- Directed by: Alexander Nezlobin
- Written by: Alexander Nezlobin Sergei Svetlakov
- Produced by: Sergei Svetlakov Polina Arustamova Alexander Prokudin Valery Fyodorovich Evgeny Nikishov Alexander Dulerayn Igor Mishin
- Starring: Sergei Svetlakov Mikhail Galustyan Valeriy Matdash Viktor Verzhbitsky
- Music by: Anton Silaev
- Production companies: Karoprokat Solaris Promo Production TNT
- Release date: 15 September 2016;
- Running time: 90 minutes
- Country: Russia
- Language: Russian
- Budget: $1,500,000
- Box office: $8,294,260

= The Groom =

The Groom (Жених) is a 2016 Russian comedy film, directorial debut of Alexander Nezlobin.

==Plot==
A German named Helmut, having fallen in love with a Russian girl named Alena, whom he met in Berlin, arrives in Russia on Victory Day (9 May) to ask for her hand in marriage. Having welcomed the groom, Alena goes to the village to introduce him to her relatives. But at this time Tolya - her ex-husband, is visiting the village, who suddenly decided to get his wife back.

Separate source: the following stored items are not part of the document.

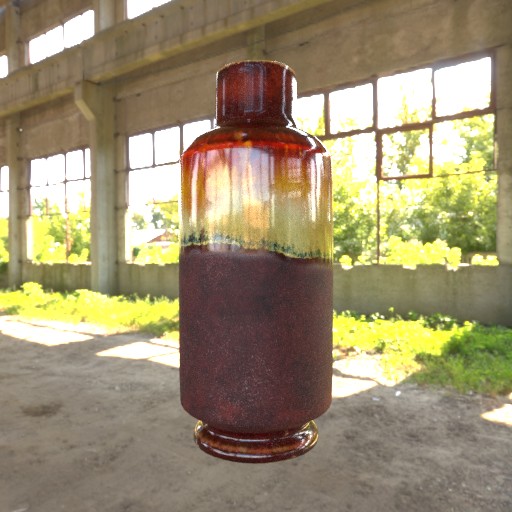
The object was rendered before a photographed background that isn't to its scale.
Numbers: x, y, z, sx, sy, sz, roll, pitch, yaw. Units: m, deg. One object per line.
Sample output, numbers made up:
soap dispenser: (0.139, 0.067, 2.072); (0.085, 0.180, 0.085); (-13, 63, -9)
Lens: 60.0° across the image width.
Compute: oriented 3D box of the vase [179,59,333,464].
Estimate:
vase: (0.000, 0.000, 0.322); (0.111, 0.261, 0.111); (0, 0, 0)
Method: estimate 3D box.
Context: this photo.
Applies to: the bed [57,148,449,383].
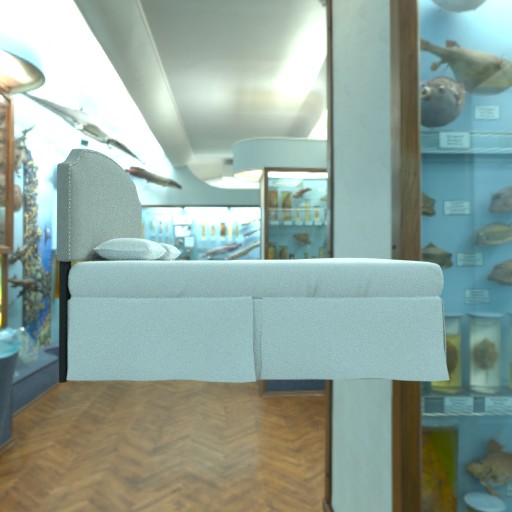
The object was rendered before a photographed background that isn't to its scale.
[{"bbox_3d":[0.000,0.000,2.950,1.999,1.270,1.558,0,-1,-1],"label":"bed"}]
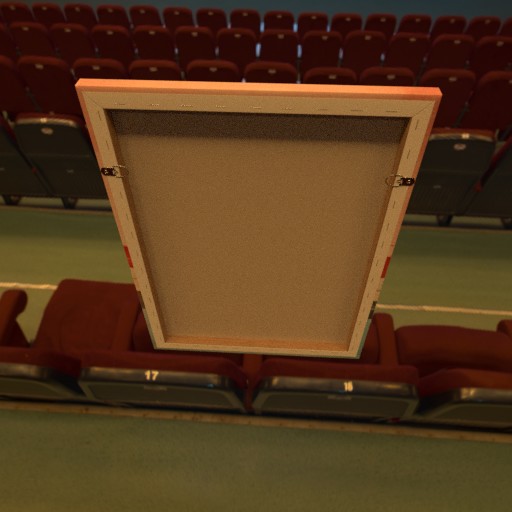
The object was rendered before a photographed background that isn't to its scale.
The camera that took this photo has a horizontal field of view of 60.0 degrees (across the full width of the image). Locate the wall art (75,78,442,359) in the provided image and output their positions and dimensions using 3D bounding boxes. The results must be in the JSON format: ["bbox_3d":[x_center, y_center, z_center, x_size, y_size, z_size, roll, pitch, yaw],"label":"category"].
[{"bbox_3d":[0.000,0.000,1.292,0.761,1.016,0.039,2,46,2],"label":"wall art"}]
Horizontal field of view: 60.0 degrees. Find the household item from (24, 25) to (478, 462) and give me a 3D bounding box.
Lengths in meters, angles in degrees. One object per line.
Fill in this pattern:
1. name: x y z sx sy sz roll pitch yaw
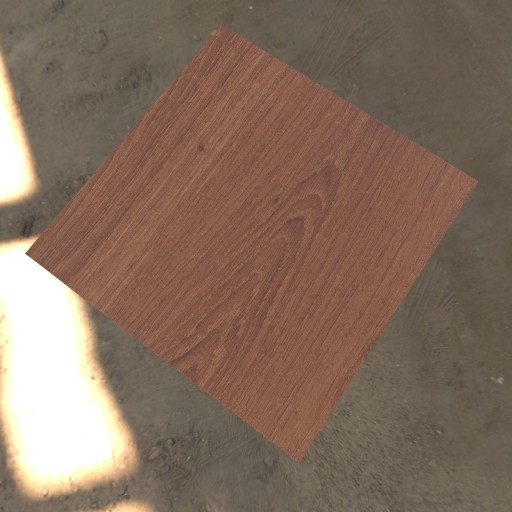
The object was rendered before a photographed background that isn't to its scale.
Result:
1. household item: 0.000 0.000 0.739 0.400 0.400 0.400 35 79 8
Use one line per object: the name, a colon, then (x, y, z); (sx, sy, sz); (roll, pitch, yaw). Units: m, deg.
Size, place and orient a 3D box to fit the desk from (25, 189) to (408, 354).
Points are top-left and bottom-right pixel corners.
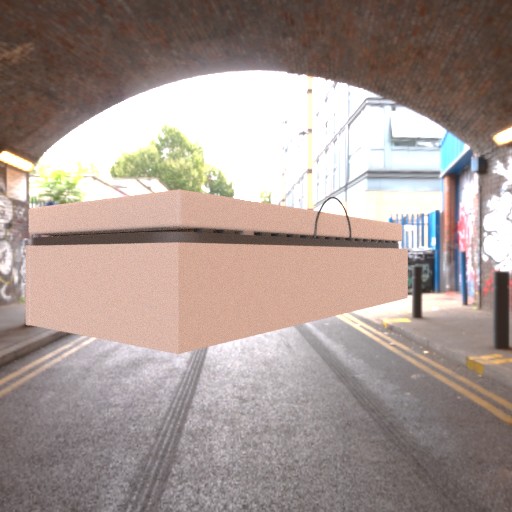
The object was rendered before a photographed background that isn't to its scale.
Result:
desk: (0.000, 0.000, 2.228); (0.900, 0.526, 1.900); (0, 0, 37)
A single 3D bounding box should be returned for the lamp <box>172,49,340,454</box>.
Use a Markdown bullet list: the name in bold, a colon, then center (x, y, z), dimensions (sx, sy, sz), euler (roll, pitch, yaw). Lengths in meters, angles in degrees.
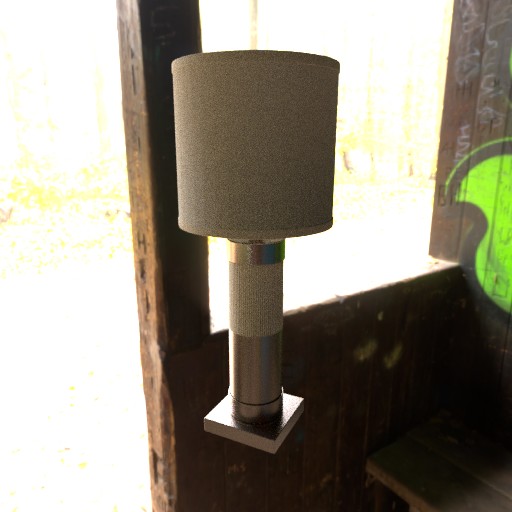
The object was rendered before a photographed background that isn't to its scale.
- **lamp**: center (0.000, 0.000, 0.600), dimensions (0.202, 0.509, 0.202), euler (7, 16, 26)
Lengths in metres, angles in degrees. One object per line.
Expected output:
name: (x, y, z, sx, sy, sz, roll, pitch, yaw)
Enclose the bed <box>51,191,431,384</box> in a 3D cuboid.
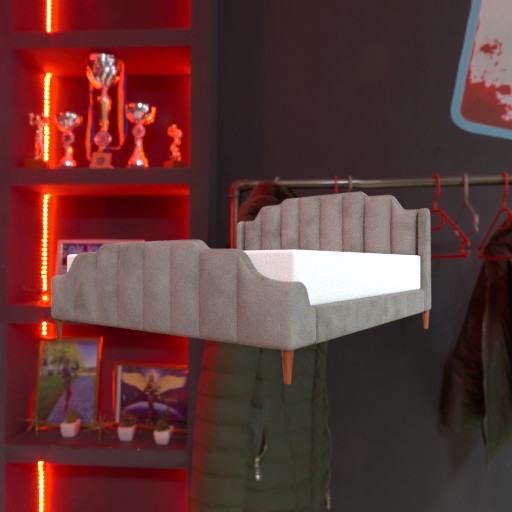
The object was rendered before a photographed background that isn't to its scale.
bed: (0.000, 0.000, 3.546, 2.074, 1.245, 2.340, -1, -1, 37)
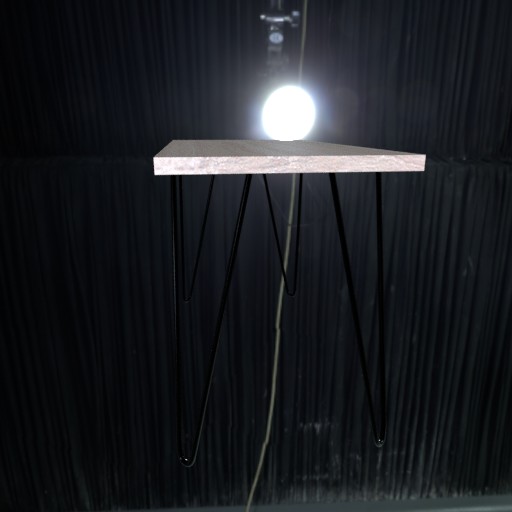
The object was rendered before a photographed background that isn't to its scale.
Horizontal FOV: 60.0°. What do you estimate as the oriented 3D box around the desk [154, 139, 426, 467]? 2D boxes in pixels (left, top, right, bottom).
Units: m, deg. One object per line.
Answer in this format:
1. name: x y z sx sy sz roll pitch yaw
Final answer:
1. desk: 0.000 0.000 1.358 0.499 0.660 0.991 -2 16 -8
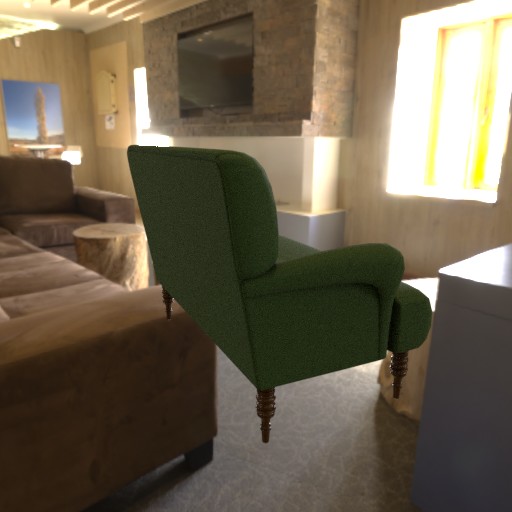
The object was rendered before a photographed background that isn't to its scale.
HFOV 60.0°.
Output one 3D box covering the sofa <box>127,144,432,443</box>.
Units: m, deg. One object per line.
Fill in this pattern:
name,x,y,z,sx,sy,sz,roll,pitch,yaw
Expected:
sofa,0.000,0.000,1.838,0.779,0.889,1.297,-7,17,-26
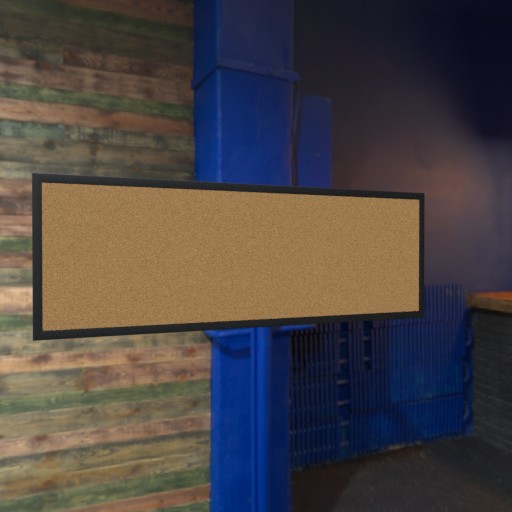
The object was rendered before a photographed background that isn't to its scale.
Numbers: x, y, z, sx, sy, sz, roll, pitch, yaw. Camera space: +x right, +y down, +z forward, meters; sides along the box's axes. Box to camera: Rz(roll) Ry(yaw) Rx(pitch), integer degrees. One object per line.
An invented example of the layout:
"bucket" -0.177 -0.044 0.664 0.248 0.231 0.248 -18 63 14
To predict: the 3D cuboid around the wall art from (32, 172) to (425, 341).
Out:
"wall art" 0.000 0.000 1.735 1.572 0.554 0.041 0 1 -19
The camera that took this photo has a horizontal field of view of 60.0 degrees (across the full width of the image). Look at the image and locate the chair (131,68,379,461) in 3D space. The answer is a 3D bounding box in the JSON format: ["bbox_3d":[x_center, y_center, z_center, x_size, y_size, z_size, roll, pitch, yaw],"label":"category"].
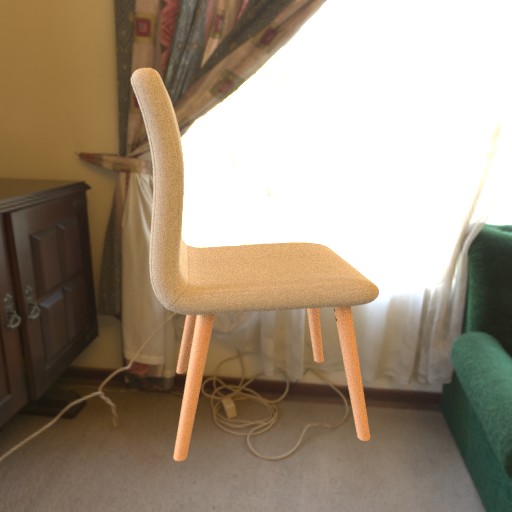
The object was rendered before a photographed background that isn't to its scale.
[{"bbox_3d":[0.000,0.000,1.184,0.550,0.885,0.435,-2,16,-9],"label":"chair"}]
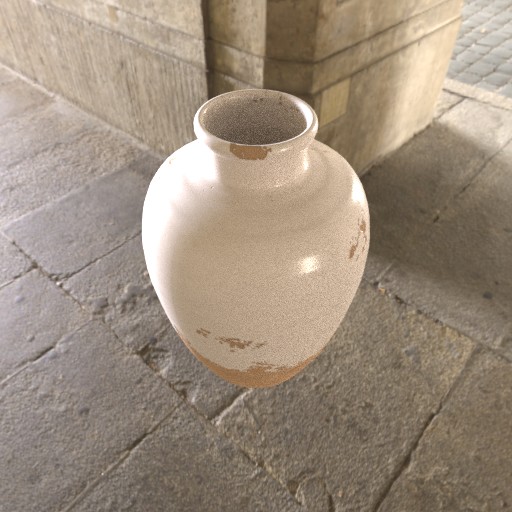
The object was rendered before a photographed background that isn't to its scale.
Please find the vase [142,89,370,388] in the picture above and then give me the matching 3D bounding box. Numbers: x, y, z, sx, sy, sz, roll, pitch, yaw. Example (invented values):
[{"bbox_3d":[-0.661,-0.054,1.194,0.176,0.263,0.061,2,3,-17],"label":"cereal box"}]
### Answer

Serious rivalry awakes when the ex-husband is introduced to the new groom. All friends, relatives, residents of the neighboring village, businessman Erofeev, who bought the house next door, and even a tankman with a snake - all are involved in the family affair.

==Cast==
- Sergei Svetlakov - Tolya
- Olga Kartunkova - Lyuba
- Sergey Burunov - Erofeev
- George Dronov - Lyapichev
- Alexander Demidov - Pokuchaev
- Philippe Reinhardt - Helmut
- Svetlana Smirnova-Martsinkevich - Alena
- Dmitry Nikulin - Lyoshka
- Natalia Parshenkova - Balasha
- Magomed Murtazaliev - Maga
- Mahmoud Huseynov - Maga's brother
- Timothy Zaitsev - tanker
- Yan Tsapnik - policeman
- Roman Madyanov - General
- Grigory Bagrov - border guard
- Lisa Izmaylova is a girl
- Albina Evtushevskaya - grandmother No. 1
- Violetta Beketova - grandmother № 2

==Sequel==
A sequel has been announced, titled The Groom 2: To Berlin!.